> WHAT TO DO: Where a line below holds the string "pitch", that line goes into the answer.

===== RECORDS FOR THIS EXERCISE =====

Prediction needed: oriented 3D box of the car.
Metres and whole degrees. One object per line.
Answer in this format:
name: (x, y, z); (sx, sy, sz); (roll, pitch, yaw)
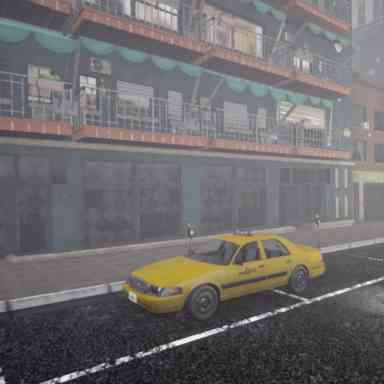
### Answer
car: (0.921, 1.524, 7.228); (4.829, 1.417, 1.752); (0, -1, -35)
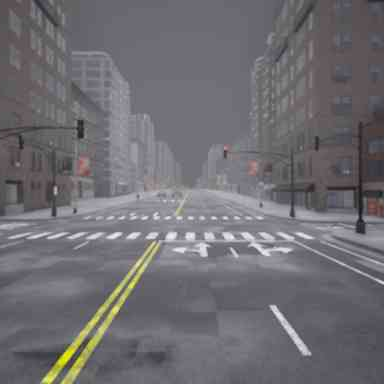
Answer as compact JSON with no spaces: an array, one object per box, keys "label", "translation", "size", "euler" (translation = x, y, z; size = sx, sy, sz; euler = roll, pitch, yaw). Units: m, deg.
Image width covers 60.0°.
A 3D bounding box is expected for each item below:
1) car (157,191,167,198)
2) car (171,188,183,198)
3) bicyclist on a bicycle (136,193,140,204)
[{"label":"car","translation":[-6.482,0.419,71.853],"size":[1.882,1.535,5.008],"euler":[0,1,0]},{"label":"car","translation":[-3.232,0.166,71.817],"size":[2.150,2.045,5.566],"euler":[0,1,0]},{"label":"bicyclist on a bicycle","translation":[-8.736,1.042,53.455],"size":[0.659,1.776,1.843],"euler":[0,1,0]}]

=====
===== RECORDS FOR THIS EXERCISE =====

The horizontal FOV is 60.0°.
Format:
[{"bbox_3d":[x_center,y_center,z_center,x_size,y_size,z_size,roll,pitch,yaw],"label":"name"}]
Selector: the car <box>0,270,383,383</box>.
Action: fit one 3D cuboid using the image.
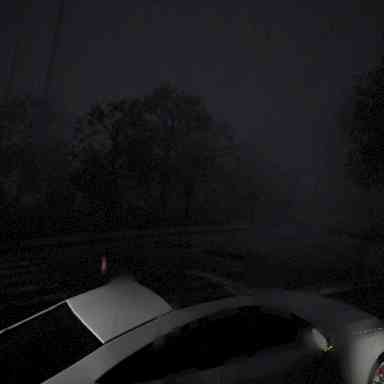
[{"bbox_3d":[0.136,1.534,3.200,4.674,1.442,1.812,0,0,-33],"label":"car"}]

=====

> SOLUTION TO THE PROBLEM:
name: (x, y, z); (sx, sy, sz); (roll, pitch, yaw)
Answer as compact JSON with no spaces: an array, one object per box, keys "label", "translation", "size", "euler" (translation = x, y, z; size = sx, sy, sz; euler = roll, pitch, yaw). Units: m, deg.
[{"bbox_3d":[x_center,y_center,z_center,x_size,y_size,z_size,roll,pitch,yaw],"label":"name"}]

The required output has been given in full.